DeepSeek is a Chinese AI lab founded by hedge fund manager Lian Wenfeng. In January 2025, the company introduced DeepSeek V3, a cost-effective LLM.

✅ The good:

Built for a fraction of ChatGPT’s cost, showing how efficiently they’ve been able to innovate
Considerably cheaper to run (relevant for developers)
Strong in reasoning capabilities and solving complex problems

⚠️ The bad:

Collects a lot of data (chat history, files, personal info, payment details)
Questionable privacy controls
Data is stored on servers in China, making it subject to government regulations and access
Censorship issues (e.g. topics like Taiwan, Tiananmen Square)
Can be very slow right now due to high demand

Tip: Use DeepSeek within Azure to avoid censorship, with data stored in the US and Europe.

DeepSeek vs. OpenAI

DeepSeek has shown how to develop an LLM cost-effectively.

So, is OpenAI nervous?

Not exactly, but they’re paying attention. They just released O3-Mini (January 31, 2025), an update to their existing O1 model.

So, how do they compare?

	DeepSeek R1	OpenAI O3-Mini
Performance	Strong on benchmarks, but slower with more errors under load	Faster, more reliable, with usage limits (150 messages/day for paid users)
Cost (for developers)	Much cheaper (up to 87% less expensive)	Significantly more expensive
Data handling	Weak data privacy (data stored in China, questionable controls)	Enterprise-grade security with strong data protection standards

Implications for the AI landscape

DeepSeek highlights several key shifts in the AI landscape:

China is catching up to the US in Generative AI
Open-source models are becoming more accessible
Scaling isn’t the only path to AI progress

In other words, we’ll see more Chinese models in the coming years. When OpenAI launched ChatGPT in November 2022, the US was significantly ahead of China in generative AI. That’s no longer the case.

We’ll also see open-source models play a bigger role in the AI supply chain. Many companies will adopt them. If the US continues to hold back on open-source development, China could take the lead in this space, with companies increasingly relying on Chinese models.

Lastly, scaling up isn’t the only way to advance AI. While bigger models drive progress, this focus has overshadowed other valuable approaches.

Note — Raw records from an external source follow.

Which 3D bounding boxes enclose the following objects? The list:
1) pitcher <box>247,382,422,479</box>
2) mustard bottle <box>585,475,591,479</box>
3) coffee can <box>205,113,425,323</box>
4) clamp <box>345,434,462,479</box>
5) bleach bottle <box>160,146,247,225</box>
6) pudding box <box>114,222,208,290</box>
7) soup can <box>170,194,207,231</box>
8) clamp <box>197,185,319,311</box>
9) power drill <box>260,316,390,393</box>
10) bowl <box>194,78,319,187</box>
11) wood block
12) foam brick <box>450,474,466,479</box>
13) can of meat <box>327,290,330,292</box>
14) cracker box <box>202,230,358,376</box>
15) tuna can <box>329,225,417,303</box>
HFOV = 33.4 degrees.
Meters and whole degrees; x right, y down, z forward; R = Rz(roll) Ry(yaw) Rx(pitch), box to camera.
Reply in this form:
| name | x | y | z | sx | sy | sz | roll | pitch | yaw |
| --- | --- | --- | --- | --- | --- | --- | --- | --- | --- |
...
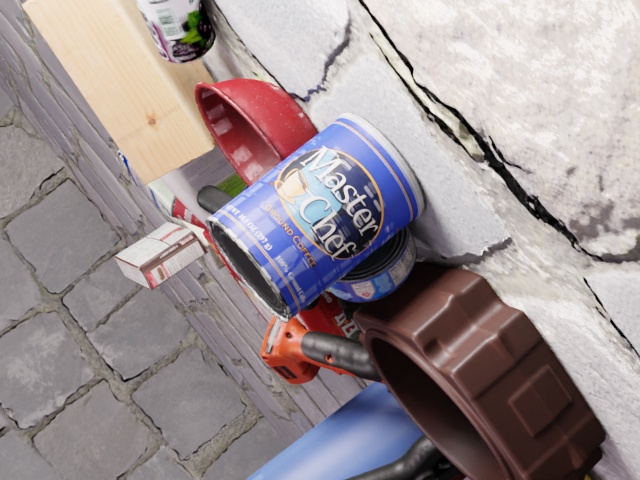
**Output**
| name | x | y | z | sx | sy | sz | roll | pitch | yaw |
| --- | --- | --- | --- | --- | --- | --- | --- | --- | --- |
| pitcher | 0.039 | 0.263 | 1.219 | 0.149 | 0.242 | 0.145 | 58 | 169 | -6 |
| mustard bottle | 0.257 | 0.279 | 0.939 | 0.192 | 0.058 | 0.096 | 47 | 154 | 16 |
| coffee can | -0.004 | -0.018 | 0.834 | 0.103 | 0.140 | 0.103 | 48 | 167 | 15 |
| clamp | 0.107 | 0.248 | 1.130 | 0.120 | 0.171 | 0.039 | 52 | -170 | -53 |
| bleach bottle | -0.114 | -0.059 | 1.156 | 0.251 | 0.102 | 0.068 | 54 | 178 | 5 |
| pudding box | -0.208 | 0.019 | 1.382 | 0.039 | 0.090 | 0.114 | 61 | 161 | -18 |
| soup can | -0.111 | -0.038 | 1.219 | 0.102 | 0.068 | 0.068 | 23 | 163 | 5 |
| clamp | -0.051 | -0.007 | 0.994 | 0.164 | 0.036 | 0.210 | 44 | 167 | 2 |
| power drill | 0.046 | 0.134 | 1.105 | 0.188 | 0.057 | 0.184 | 8 | 155 | 26 |
| bowl | -0.043 | -0.089 | 0.960 | 0.162 | 0.055 | 0.162 | 48 | 166 | 15 |
| wood block | -0.182 | -0.172 | 1.044 | 0.206 | 0.091 | 0.090 | 58 | -155 | -16 |
| foam brick | 0.141 | 0.292 | 1.375 | 0.051 | 0.053 | 0.078 | 55 | 167 | -15 |
| can of meat | -0.007 | 0.001 | 1.086 | 0.084 | 0.057 | 0.102 | 54 | 167 | -21 |
| cracker box | -0.039 | 0.054 | 1.299 | 0.164 | 0.072 | 0.214 | 57 | 165 | -27 |
| tuna can | 0.037 | 0.010 | 0.894 | 0.086 | 0.086 | 0.033 | 39 | 164 | 43 |

For example, due to US chip restrictions on China, DeepSeek had to optimize for less powerful GPUs, building a strong model with under $6 million in compute.

Conclusion

DeepSeek shows strong performance and is more cost-effective than many of its competitors. Its rise signals potential geopolitical shifts in the AI landscape that are yet to be worked out.

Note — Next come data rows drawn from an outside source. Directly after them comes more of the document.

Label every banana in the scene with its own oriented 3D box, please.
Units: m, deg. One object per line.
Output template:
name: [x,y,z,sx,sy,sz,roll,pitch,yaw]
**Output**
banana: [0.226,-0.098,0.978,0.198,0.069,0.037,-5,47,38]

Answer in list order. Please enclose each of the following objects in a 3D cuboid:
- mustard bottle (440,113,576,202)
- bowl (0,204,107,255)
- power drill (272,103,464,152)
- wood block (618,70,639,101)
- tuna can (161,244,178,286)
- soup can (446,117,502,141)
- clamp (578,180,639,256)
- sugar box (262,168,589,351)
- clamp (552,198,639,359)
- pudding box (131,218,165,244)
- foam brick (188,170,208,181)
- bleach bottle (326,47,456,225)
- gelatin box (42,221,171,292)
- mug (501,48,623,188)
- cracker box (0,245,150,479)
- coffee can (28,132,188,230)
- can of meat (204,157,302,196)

If you have any questions about DeepSeek, or how to get started with AI for your business, feel free to reach out.

FAQ

Is DeepSeek good at math?

Yes. DeepSeek excels in mathematical reasoning and problem-solving, scoring 90.2% on the MATH benchmark—the highest in the field.

How does DeepSeek's efficiency compare to other AI models?

DeepSeek claims its model was developed using significantly fewer Nvidia chips than U.S. competitors, showcasing exceptional resource efficiency.

What are the key performance metrics for DeepSeek?

DeepSeek performs competitively with models like GPT-4o, especially in benchmarks like MATH, GPQA, and the Chatbot Arena.

How does DeepSeek's performance compare to other top AI models?

It holds its own against industry leaders like GPT-4o, particularly excelling in MATH performance and cost efficiency.

What are the limitations of DeepSeek's performance?

While strong in math and reasoning, DeepSeek lags slightly in coding tasks like HumanEval and can be slower under heavy load.

Is DeepSeek better than ChatGPT?

It depends. DeepSeek is better at STEM tasks and complex reasoning, while ChatGPT offers faster, more consistent responses with stronger data privacy controls.

How does DeepSeek R1 compare to OpenAI’s O3-Mini?

DeepSeek is cheaper and better at complex problem-solving. O3-Mini is faster, more reliable, and offers stronger security features.

What are top LLMs from China?

DeepSeek, Qwen, Kimi, and InternVL are leading the way in China’s LLM development.